Lyon’s walking obviously had a purpose—it allowed him to preach the gospel of Jesus Christ as restored through Joseph Smith. Every Sunday for thirty-three months, Lyon held two or three preaching meetings with Mormons and their invited friends. During the week, he frequently met in the homes of members to preach to interested neighbors. During a typical month, Lyon preached thirty-one formal sermons; he would have delivered approximately 420 such sermons in slightly less than three years! To this number must be added his hundreds of doctrinal discussions with would-be converts or curious onlookers.

Neither Lyon nor the Church used a standardized lesson plan or series of missionary discussions. Instead, the missionary, usually an adult with many years of church service, first prepared himself and then preached as he felt “moved by the Spirit.” Eor Lyon to spend four or five hours meeting with an individual or a single family to aid their religious understanding was not uncommon. Once he preached and discussed for the entire day in one home. On another occasion:

I left for Borley in company [of] Bro. Sparks’ daughter with whom I had some conversation on the principles of the gospel; at twelve o’clock that night I led her down to the waters of Baptism. (May 17, 1849)

The entire conversion process took place in an afternoon and evening; she had known about the Church previously from her father, but not until the public preaching and private conversation with Lyon was she ready to join the new faith. In Bridgenorth, Lyon casually notes:

In the evening I preached to a good full house. And afterwards Baptized 2 persons, Viz. the old lady before mentioned and Brother Skelley’s old son, a good looking man, who told me he had a vision and saw me as visible as he then did. . . . All of the saints felt to rejoice and three [investigators] professed to believe the principles. (April 2, 1849)

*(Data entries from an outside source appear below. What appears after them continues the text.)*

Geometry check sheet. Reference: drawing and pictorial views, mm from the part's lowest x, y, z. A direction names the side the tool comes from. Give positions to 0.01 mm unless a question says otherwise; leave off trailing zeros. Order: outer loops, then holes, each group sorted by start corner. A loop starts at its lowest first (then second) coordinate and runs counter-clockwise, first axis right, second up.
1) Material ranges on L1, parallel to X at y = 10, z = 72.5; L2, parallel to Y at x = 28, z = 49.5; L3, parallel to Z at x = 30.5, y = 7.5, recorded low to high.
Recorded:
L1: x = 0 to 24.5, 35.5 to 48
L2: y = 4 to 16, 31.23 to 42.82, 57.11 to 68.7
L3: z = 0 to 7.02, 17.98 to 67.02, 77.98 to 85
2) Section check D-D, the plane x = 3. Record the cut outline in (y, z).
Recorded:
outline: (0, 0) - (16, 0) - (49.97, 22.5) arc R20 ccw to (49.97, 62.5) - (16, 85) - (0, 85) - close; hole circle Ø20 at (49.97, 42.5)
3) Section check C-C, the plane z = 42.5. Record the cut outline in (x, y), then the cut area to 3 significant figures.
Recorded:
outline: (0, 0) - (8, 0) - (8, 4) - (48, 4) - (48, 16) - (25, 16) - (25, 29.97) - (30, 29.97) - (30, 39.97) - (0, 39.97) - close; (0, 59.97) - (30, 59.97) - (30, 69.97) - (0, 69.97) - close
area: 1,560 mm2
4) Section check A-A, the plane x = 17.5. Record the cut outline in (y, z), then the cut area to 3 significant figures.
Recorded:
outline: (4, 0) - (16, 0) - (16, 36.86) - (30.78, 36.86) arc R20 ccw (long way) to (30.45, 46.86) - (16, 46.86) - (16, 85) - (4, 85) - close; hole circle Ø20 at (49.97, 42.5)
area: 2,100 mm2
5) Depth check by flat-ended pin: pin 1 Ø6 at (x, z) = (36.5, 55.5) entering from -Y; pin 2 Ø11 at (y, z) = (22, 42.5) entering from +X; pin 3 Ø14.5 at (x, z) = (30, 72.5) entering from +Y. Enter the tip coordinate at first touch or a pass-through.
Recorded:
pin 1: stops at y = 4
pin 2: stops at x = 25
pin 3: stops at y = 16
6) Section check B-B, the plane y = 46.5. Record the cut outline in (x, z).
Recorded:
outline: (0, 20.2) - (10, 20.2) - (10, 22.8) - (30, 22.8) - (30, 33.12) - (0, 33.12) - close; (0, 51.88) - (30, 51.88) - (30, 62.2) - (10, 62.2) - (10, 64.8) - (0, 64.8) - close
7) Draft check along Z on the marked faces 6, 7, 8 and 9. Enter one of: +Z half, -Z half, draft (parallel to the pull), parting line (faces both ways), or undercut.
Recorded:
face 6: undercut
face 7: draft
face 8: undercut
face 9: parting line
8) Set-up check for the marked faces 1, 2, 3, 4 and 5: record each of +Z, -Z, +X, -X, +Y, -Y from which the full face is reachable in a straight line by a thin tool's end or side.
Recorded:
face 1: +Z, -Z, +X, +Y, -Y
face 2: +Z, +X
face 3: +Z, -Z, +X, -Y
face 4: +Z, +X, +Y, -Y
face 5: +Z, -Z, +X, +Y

Lyon continually uses the term the principles when referring to his teaching, likely meaning the principles of faith, obedience, baptism by immersion with authority, love, sacrifice, etc. He does not use the terms repentance or call to repentance in his diary but hopes the “Lord [will] stir up the people to much reflection and obedience” (emphasis added). He seems to have had great confidence that if he preached with a positive approach the people would see the beautiful consistency of the gospel and make the necessary changes in their lives. Nowhere does he refer to the non-LDS as sinners or benighted. His personal preaching was an optimistic, hope-filled approach to conversion.

The most frequently mentioned topic of Lyon’s discourses is that of “the Gathering.” Good Latter-day Saints in Great Britain were not only expected to be baptized but also to prepare themselves to “flee Babylon and join with the Kingdom of God in California” (the Great Salt Lake Valley):

Spent most of this day at Mr. Bromley’s house where I had a lengthy conversation with him on the principles of the gospel, and on immigration, all of which he seemed well pleased with, so far as the Kingdom of God was concerned. (March 5, 1849)

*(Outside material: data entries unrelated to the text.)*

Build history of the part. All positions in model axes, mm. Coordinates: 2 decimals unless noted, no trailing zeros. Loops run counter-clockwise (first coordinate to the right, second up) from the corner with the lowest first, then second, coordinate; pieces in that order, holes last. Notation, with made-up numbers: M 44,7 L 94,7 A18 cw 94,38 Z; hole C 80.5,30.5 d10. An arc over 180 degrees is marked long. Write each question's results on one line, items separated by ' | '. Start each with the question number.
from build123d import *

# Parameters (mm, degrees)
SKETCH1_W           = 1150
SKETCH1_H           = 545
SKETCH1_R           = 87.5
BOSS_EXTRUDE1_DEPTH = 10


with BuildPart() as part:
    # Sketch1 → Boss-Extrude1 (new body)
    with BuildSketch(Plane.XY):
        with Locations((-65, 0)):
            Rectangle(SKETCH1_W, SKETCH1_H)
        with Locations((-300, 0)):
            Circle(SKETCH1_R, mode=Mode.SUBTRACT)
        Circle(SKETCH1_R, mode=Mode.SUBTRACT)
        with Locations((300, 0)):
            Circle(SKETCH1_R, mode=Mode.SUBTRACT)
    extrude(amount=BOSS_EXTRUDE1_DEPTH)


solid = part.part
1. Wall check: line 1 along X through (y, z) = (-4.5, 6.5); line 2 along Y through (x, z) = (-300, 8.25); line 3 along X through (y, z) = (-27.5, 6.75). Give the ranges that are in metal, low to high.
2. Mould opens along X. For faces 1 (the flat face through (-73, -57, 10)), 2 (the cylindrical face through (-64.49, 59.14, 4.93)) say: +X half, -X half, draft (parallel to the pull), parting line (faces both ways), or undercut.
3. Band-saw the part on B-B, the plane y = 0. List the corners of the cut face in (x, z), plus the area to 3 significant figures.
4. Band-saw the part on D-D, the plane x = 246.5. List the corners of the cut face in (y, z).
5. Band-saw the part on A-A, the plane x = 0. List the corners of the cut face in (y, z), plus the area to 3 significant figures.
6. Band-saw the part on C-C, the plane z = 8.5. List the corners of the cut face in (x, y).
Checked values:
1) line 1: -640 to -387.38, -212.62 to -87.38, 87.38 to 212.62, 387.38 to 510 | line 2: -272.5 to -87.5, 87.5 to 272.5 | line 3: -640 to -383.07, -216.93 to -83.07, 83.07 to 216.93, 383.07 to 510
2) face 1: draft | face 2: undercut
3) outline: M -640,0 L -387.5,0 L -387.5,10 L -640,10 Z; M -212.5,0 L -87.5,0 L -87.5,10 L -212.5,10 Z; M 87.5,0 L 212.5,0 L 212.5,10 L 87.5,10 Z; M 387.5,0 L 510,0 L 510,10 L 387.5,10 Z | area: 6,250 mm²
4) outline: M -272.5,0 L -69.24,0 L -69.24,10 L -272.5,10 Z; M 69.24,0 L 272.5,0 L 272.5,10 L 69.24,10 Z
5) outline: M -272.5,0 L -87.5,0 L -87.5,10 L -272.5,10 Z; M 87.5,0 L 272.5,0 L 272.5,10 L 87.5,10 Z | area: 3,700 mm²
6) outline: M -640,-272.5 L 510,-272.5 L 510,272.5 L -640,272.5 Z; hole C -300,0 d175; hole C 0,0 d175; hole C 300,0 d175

On May 2 and 5, 1849, Lyon baptized John Bromley, his wife, and two daughters. They fervently believed in the Gathering and left for America on January 20, 1851, while Lyon was still carrying out his missionary work. [2] Lyon certainly would have felt some concern, even envy, as he saw newly converted members leaving for Zion while he was called to “remain among the Gentiles.” Lyon worried about the faith of one backsliding member, noting that “Brother Clark also spoke in very doubtful language of the Gathering, and brought up passages from the 24th Chapter of Matthew to prove his assertions” (March 8, 1849). The man was later cut off from the Church for this and other more serious doctrinal doubts. On Sunday, March 25, 1849, Lyon “met with the Saints [in Bridgenorth] and preached to them on the Gathering. . . . They are far behind in respects to the principles of truth and the Gathering.”

On September 15, 1849, Orson Pratt issued a call for all Saints in Great Britain to prepare for emigration (Millennial Star 1849, 277–81); Lyon regularly carried this general call to the local level. The idea of gathering may have been responsible for some conversions among people who saw it as a means to escape generations of poverty and begin a new life in America. The practice of “leaving Babylon” (that is, fleeing from the supposedly sinful world that was soon to be destroyed) also had the effect of weakening the small Worcester branches. Approximately 28 percent of the number converted emigrated to America during the three years Lyon was president of the conference. [3] They formed part of the 3,938 who left Great Britain for America during 1849–51 (Evans 245). Clearly, Pratt’s admonitions and Lyon’s preachings on the doctrine of the Gathering were not in vain.

Still, the primary goal of Lyon’s preaching was baptism into the Mormon church. Historical information for the Worcester Conference is not complete, but a comparison of Lyon’s diary with extant membership records indicates that during the thirty-four months he served as a full-time missionary he baptized at least 360 people. From March of 1849 to December of 1851, Church membership in the Worcester Conference increased by 409 souls, from 276 to 685; Lyon baptized most of these new adherents. These statistics do not take into account the number of those emigrating during this period (41) nor the number of those excommunicated (73); hence the total number of conference baptisms exceeded by at least 100 the 685 members listed in 1851. Lyon was aware of the amazing results Heber C. Kimball and other American missionaries had achieved in 1837 through 1840, baptizing entire congregations of eager new converts in one day. Lyon’s baptisms came more slowly, with steady missionary work. Although he had some assistance from temporary missionary companions such as J. D. Ross, J. Hall, and Levi Richards, Lyon was the principal missionary in the conference area and performed the majority of the baptisms. A few of the baptisms were of children, usually age thirteen or older, of already-converted members; most were adults whom Lyon met through introduction and referral; some came from the ranks of the curious who had heard of the “peculiar” Mormons and attended one of Lyon’s preaching meetings. In all, Lyon baptized an average of more than ten people per month during his mission. He records each baptism quite matter-of-factly:

This day I went to Camp and spent a pleasant evening, and on the way home Baptised J. Bromley when I returned with him and stopped overnight. When the family understood he had obeyed, they were rejoiced and the wife gave me her name for Baptism on Saturday. May the Lord Bless them as a family in the New Covenant of Peace. Amen. (May 2, 1849)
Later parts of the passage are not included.